No pressure — we’ll just wipe out everyone who disagrees with us

As already noted in my previous post, the British nonprofit group “10:10” released an ad this week which depicts the immediate and gory execution of anyone who disagrees with their “global warming” mantra. If you haven’t yet seen the video, it definitely merits a quick view:

After the ad was pulled due to public outrage, many commenters and pundits speculated on the underlying violent tendencies of environmental extremists. But not everyone was ready to discuss the video in genocidal terms; it’s not just that the fantasized executions were bloody and violent, and not just that the “greenies” seem willing to use threats to enforce their will on people. If one looks at fervent mass ideological movements throughout history, whenever they take power, they often do resort to mass killings not just as a way to enforce conformity, but to literally wipe out all dissenters, and by so doing extirpate their worldview from public discourse. Ideological eugenics, let’s call it.

Fantasies can become reality once power is attained.

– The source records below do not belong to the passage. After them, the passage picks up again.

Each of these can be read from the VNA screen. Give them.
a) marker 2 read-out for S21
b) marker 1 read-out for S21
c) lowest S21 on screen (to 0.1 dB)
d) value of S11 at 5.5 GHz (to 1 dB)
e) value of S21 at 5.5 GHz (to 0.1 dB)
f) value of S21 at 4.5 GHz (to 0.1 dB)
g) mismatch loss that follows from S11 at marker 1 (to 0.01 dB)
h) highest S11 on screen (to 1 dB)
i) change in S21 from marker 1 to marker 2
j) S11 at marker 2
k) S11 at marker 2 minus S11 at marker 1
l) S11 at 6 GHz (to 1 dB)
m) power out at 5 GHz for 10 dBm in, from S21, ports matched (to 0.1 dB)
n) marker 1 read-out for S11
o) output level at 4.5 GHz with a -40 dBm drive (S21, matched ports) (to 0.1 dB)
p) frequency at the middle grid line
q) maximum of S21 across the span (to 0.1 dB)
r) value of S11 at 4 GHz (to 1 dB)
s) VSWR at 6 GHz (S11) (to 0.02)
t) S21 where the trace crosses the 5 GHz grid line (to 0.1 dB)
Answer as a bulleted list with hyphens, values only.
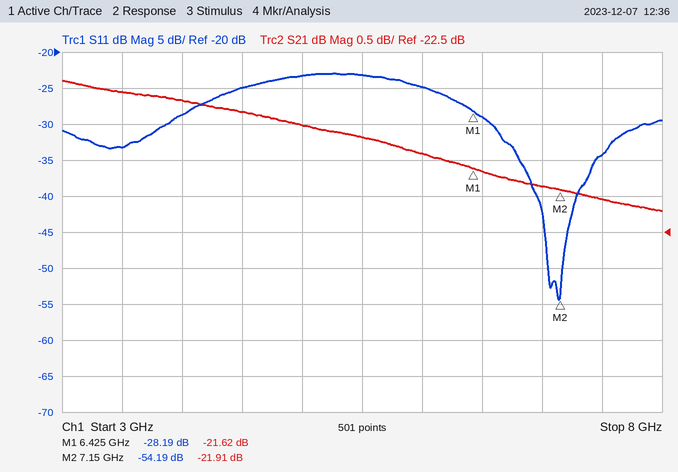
- -21.91 dB
- -21.62 dB
- -22.2 dB
- -23 dB
- -21.2 dB
- -20.8 dB
- 0.01 dB
- -23 dB
- -0.29 dB
- -54.19 dB
- -26.00 dB
- -25 dB
- -11.0 dBm
- -28.19 dB
- -60.8 dBm
- 5.5 GHz
- -20.4 dB
- -29 dB
- 1.12
- -21.0 dB

And once the blood starts to flow (or splatter, in this case), it’s hard to stop it.

 


 

Mass Rapes in the Congo

Recently there was another round of mass rapes in the Congo, as part of its interminable civil war.

While much of the media coverage about the incident focused on to what extent the United Nations was or was not to blame for the recent mass rapes, and whether this was an isolated incident or part of a years-long reign of terror, very little discussion has been given to the motivation of the mass-rapists.

Human rights campaigners have tried to drive home the point that mass-rapes are usually not just about sex or about hatred of women, but are rather a component of an ethnic cleansing program; the purpose of the rapes is to impregnate as many victims as possible with babies from outside their ethnic group or culture, and thereby dilute or “wash out” entire societies — a form of negative eugenics. For this reason mass rapes are considered a “crime against humanity,” not just a criminal act.

The recent Congolese mass rapes went mostly uncommented on in the Western world, so the motivation behind them is not clear. But my eugenics sensors detect something evil is afoot in the Congo, and so I include this incident in my list.

 


 

No apologies for call to “kill white babies”: it’s in retaliation for “alligator bait”!

King Shamir Shabazz, the New Black Panther Party madman involved in several race-related scandals, cropped up a few days ago in a new video in which he addresses the critics who decried his previous call for black Americans to “start killing white babies”:

Here’s the transcript of his fresh rant:

Now most of them media blood-suckers lies at Crucifox Jews wanna talk about me killing white babies.”

“Ummm.”

“Well, let me tell you stop jumping up and down like the devils you are, creating negative press to keep our people from joining something black and progressive. Yes, I said if you want freedom, you’re gonna have to deal with this enemy the way he brings it to us.

“Ummm.”

“You cannot tell a slave how to feel under the pressure of white supremacy.”

“That’s right!”

“I’m not a committer of reverse racism, I am a slave.”

“That’s right!”

“Born, brought stolen to the hells of North America. Let’s talk about the little black babies that YOU use as alligator bait.”

The “alligator bait” reference left most viewers scratching their heads in mystification, but it actually comes from any of several 1960s-era racist jokes about “Cajuns” using black babies as “alligator bait” while hunting in the bayou.

Of course, there’s no evidence that anyone ever, in reality, used a black baby as “alligator bait,” but that doesn’t stop King Shamir Shabazz from treating a joke from a Redd Foxx comedy routine as an authoritative source for reliable historical information. And so, in retaliation, he affirms his call to start killing white babies.

And what better place to wrap up This Week in Eugenics!